Do I need a passport or visa to enter?
Visit the Embassy of Costa Rica in the United States website for the most current visa information. For entry into Costa Rica, you must present both a valid passport and either a round-trip ticket or proof of onward travel to another country. Because of possible fines levied by Costa Rican Immigration, many airlines will not permit passengers without proof of return or onward travel to board flights to Costa Rica unless they have Costa Rican citizenship, residency, or a visa. Costa Rican Immigration now also requires that you be able to demonstrate financial capacity of at least $100 per month while you are in Costa Rica as a tourist. When you leave Costa Rica, you will have to pay a departure tax of $29 USD.
Passports should be in good condition; Costa Rican Immigration may deny entry if a passport is damaged in any way. Costa Rican authorities may permit U.S. citizen tourists to stay up to ninety (90) days, but shorter time periods of thirty (30) to forty-five (45) days are also common. To extend the period you are given, you must submit an application for an extension to the Office of Temporary Permits in the Costa Rican Department of Immigration. Extension requests are evaluated on a case-by-case basis. Tourists who overstay the period of stay authorized by Costa Rican authorities without receiving an extension may experience a delay at the airport when departing, are subject to deportation and/or a fine of $100 for each month of overstay, and may be denied entry to Costa Rica on future visits.
Most Costa Rican educational institutions will assist individuals planning to study in Costa Rica to apply for a student visa, if a visa is necessary. Individuals with round-trip tickets who plan to study for less than three months do not need a visa and may enter for up to 90 days as a tourist. Individuals who plan to study for longer than three months and will be attending an educational institution that does not provide assistance to obtain a visa should verify documentary requirements in advance with the nearest Costa Rican Embassy/Consulate as well as with the pertinent airline.

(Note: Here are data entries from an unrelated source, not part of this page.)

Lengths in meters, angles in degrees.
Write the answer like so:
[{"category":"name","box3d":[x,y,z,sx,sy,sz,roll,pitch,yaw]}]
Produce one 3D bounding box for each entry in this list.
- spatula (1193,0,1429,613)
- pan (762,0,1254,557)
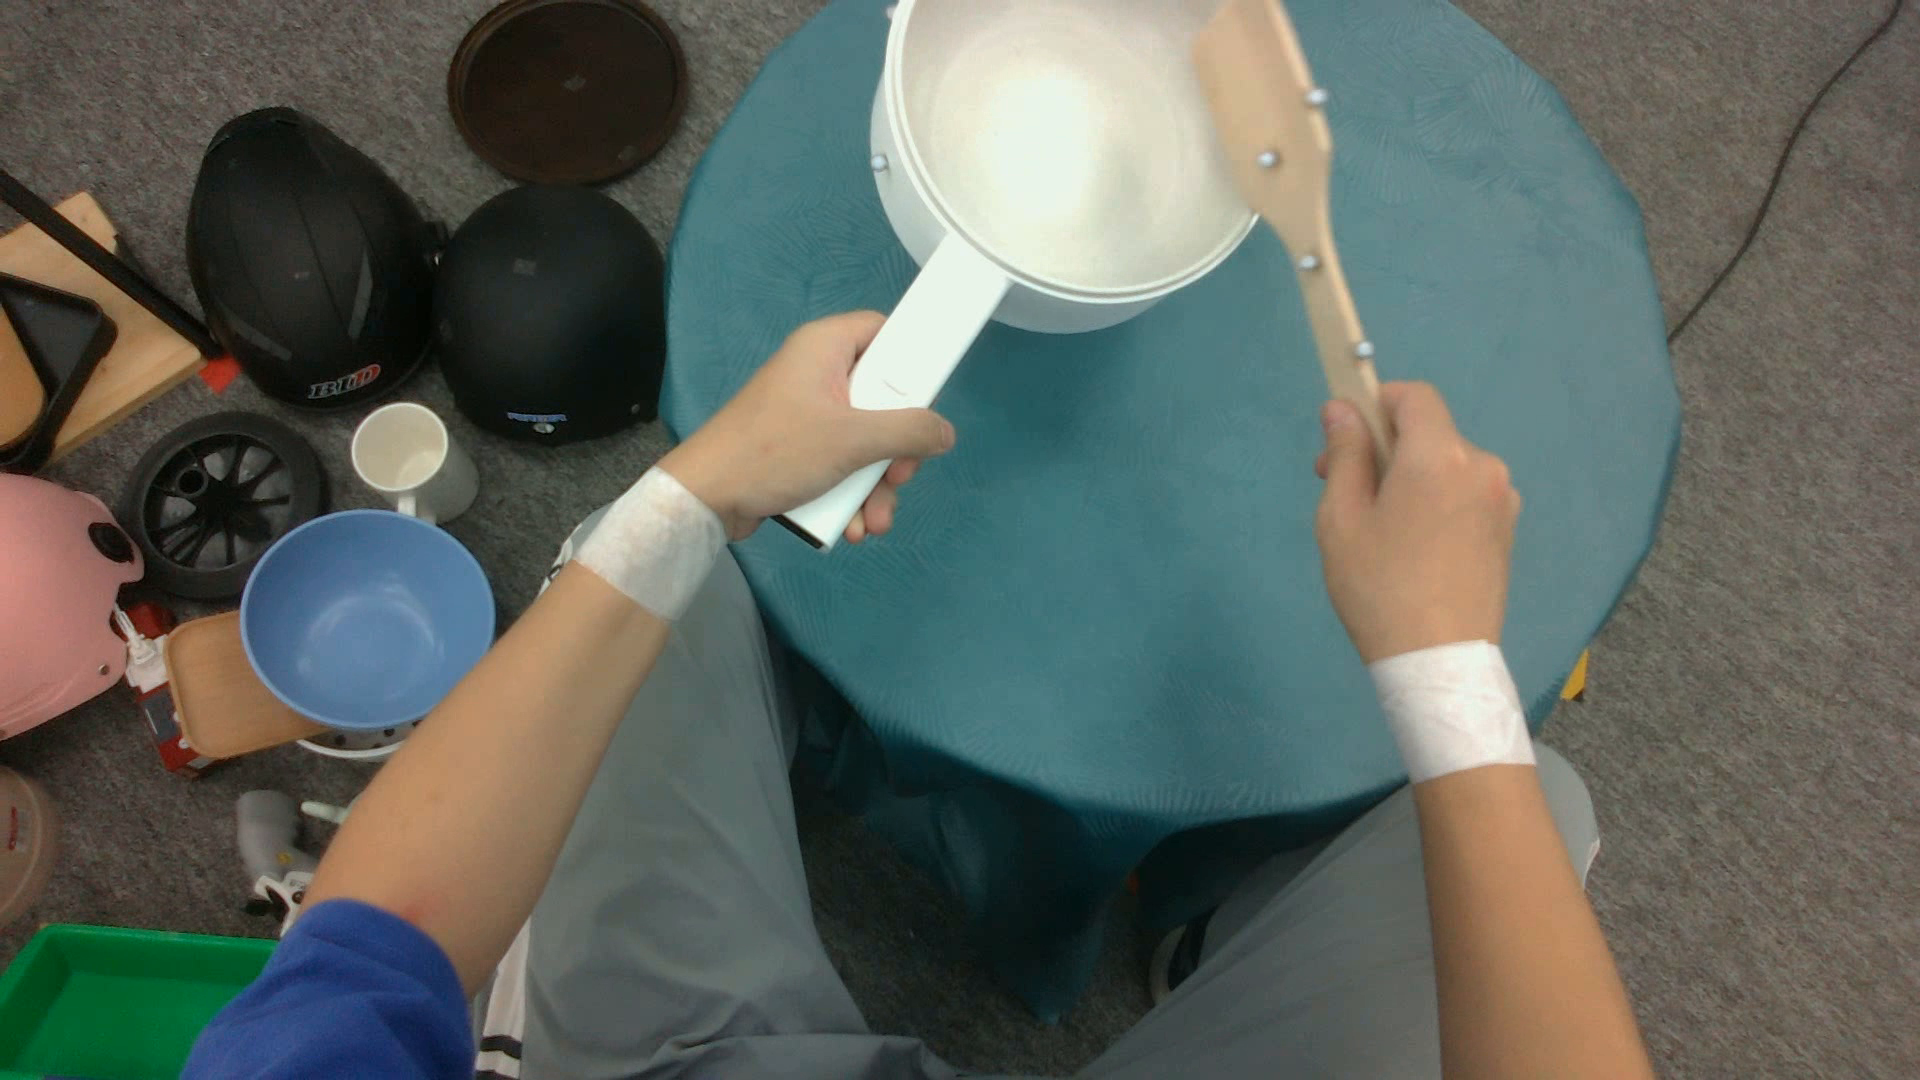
[{"category":"spatula","box3d":[0.172,-0.107,0.653,0.011,0.072,0.293,-15,86,-21]},{"category":"pan","box3d":[0.010,-0.144,0.709,0.201,0.102,0.355,34,76,-9]}]

All persons – including U.S. citizens – traveling to Costa Rica from certain countries in South America and Sub-Saharan Africa must provide evidence of a valid yellow fever vaccination prior to entry. The countries considered at risk are: Angola, Benin, Burkina Faso, Cameroon, Democratic Republic of Congo, Gabon, Gambia, Ghana, Guinea, Liberia, Nigeria, Sierra Leone, Sudan, Bolivia, Brazil, Colombia, Ecuador, Peru, Guyana and Venezuela. You can travel to Costa Rica no sooner than 10 days after receiving the vaccination. See “SPECIAL CIRCUMSTANCES” for information on requirements to carry identity documentation within Costa Rica and on travel by minors who are dual nationals or legal residents.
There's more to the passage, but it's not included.